= Beginning of Section =

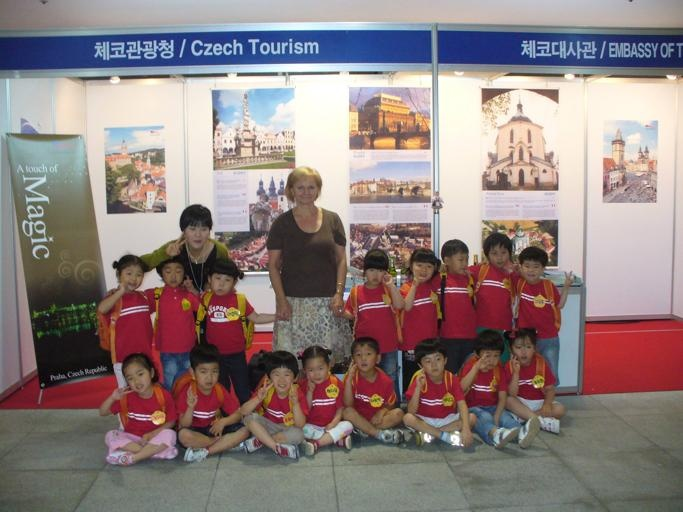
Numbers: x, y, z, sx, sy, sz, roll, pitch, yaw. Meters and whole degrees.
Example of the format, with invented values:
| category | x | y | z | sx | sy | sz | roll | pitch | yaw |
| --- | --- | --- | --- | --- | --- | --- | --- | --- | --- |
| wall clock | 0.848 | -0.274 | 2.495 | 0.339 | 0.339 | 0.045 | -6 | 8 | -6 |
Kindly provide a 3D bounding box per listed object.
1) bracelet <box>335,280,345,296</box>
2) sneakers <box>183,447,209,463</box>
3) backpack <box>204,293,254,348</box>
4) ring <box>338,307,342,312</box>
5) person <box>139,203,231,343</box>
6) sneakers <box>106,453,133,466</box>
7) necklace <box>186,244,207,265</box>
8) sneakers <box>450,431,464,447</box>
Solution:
| category | x | y | z | sx | sy | sz | roll | pitch | yaw |
| --- | --- | --- | --- | --- | --- | --- | --- | --- | --- |
| bracelet | -0.008 | 0.263 | 5.062 | 0.031 | 0.125 | 0.086 | 2 | 0 | -12 |
| sneakers | -1.117 | 1.520 | 4.614 | 0.086 | 0.082 | 0.213 | -2 | -3 | 10 |
| backpack | -0.954 | 0.533 | 5.023 | 0.428 | 0.514 | 0.273 | -2 | 0 | -9 |
| ring | -0.002 | 0.442 | 5.021 | 0.030 | 0.045 | 0.042 | -3 | -8 | 0 |
| person | -1.243 | 0.270 | 5.244 | 0.843 | 1.402 | 0.353 | -5 | 21 | -14 |
| sneakers | -1.674 | 1.527 | 4.606 | 0.222 | 0.088 | 0.104 | 3 | 11 | -1 |
| necklace | -1.214 | -0.012 | 5.095 | 0.118 | 0.163 | 0.171 | -1 | 4 | -4 |
| sneakers | 0.927 | 1.450 | 4.786 | 0.107 | 0.117 | 0.107 | 2 | 12 | 14 |
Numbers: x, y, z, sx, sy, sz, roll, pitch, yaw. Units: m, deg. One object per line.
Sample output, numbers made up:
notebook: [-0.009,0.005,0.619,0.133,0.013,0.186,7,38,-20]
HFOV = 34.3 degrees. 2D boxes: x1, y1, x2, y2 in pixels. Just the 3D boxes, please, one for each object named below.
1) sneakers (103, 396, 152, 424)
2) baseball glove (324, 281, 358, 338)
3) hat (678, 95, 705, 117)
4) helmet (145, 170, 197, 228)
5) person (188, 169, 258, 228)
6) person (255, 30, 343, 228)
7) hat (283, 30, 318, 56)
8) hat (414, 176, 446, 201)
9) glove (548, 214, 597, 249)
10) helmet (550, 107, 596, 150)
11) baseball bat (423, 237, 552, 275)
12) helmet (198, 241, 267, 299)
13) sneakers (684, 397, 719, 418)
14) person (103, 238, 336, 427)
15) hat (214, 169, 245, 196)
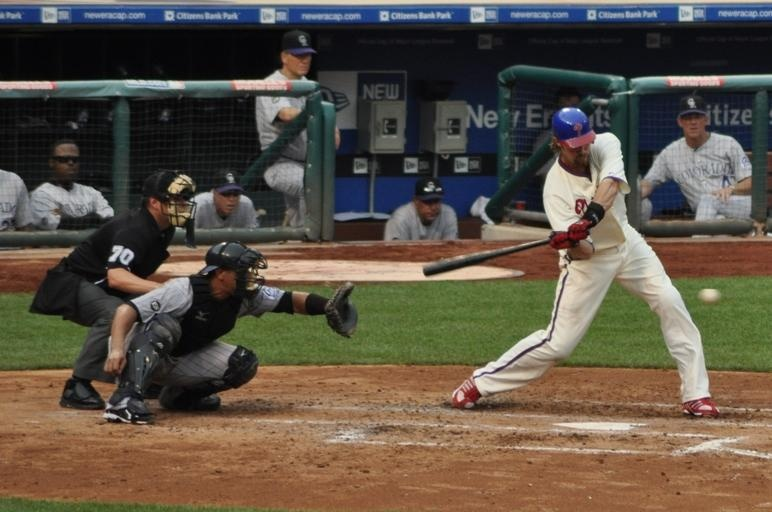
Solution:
sneakers: [-1.902,1.130,9.171,0.351,0.205,0.139,1,3,-8]
baseball glove: [-0.334,0.399,9.390,0.222,0.422,0.222,3,-21,-4]
hat: [3.340,-1.664,13.644,0.249,0.142,0.315,0,-1,16]
helmet: [-1.736,-0.476,9.675,0.487,0.344,0.320,14,0,-5]
person: [-1.696,-0.554,13.166,0.676,0.335,0.754,0,4,-16]
person: [-1.134,-1.377,13.527,0.592,2.097,0.476,1,3,-5]
hat: [-0.997,-2.314,13.475,0.290,0.171,0.409,-7,11,-36]
hat: [0.448,-0.729,13.438,0.309,0.237,0.215,1,3,7]
glove: [1.343,-0.188,9.076,0.325,0.115,0.214,-19,1,-2]
helmet: [1.388,-0.989,9.308,0.286,0.151,0.317,-20,41,-14]
baseball bat: [1.001,0.001,12.338,1.341,0.107,0.154,-11,27,6]
helmet: [-1.212,0.065,9.329,0.660,0.304,0.398,7,6,1]
sneakers: [2.348,1.136,9.379,0.150,0.095,0.284,0,-3,-45]
person: [-1.368,0.560,9.377,1.404,1.334,0.555,1,3,-3]
hat: [-1.653,-0.769,12.943,0.273,0.235,0.173,1,3,-7]
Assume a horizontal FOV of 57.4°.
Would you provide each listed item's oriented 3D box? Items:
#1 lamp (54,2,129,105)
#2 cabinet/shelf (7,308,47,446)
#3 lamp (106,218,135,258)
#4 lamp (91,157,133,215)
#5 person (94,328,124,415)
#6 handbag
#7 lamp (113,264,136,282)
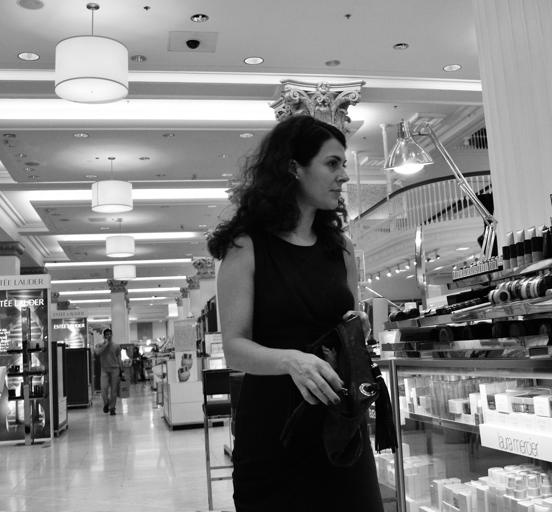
[{"bbox_3d":[-2.109,-2.348,5.998,0.823,0.935,0.838,-1,-16,-6],"label":"lamp"},{"bbox_3d":[-4.483,2.101,8.928,0.757,2.357,0.567,-6,-11,17],"label":"cabinet/shelf"},{"bbox_3d":[-4.347,-0.540,14.008,0.813,1.175,0.822,5,-20,-22],"label":"lamp"},{"bbox_3d":[-3.075,-1.122,9.383,0.716,0.500,0.529,-5,-11,10],"label":"lamp"},{"bbox_3d":[-4.322,2.961,12.965,0.642,2.126,0.815,-8,-17,-1],"label":"person"},{"bbox_3d":[0.160,0.273,0.992,0.151,0.309,0.278,-4,-11,7],"label":"handbag"},{"bbox_3d":[-5.341,0.567,17.500,0.696,0.441,0.705,-2,-5,5],"label":"lamp"}]

= End of Section =

**Assignment**
Write out, exactly and with no pictures, the lines of the data from the first through the line containing "3) backpack <box>204,293,254,348</box>".

**Finished task**
Numbers: x, y, z, sx, sy, sz, roll, pitch, yaw. Meters and whole degrees.
Example of the format, with invented values:
| category | x | y | z | sx | sy | sz | roll | pitch | yaw |
| --- | --- | --- | --- | --- | --- | --- | --- | --- | --- |
| wall clock | 0.848 | -0.274 | 2.495 | 0.339 | 0.339 | 0.045 | -6 | 8 | -6 |
Kindly provide a 3D bounding box per listed object.
1) bracelet <box>335,280,345,296</box>
2) sneakers <box>183,447,209,463</box>
3) backpack <box>204,293,254,348</box>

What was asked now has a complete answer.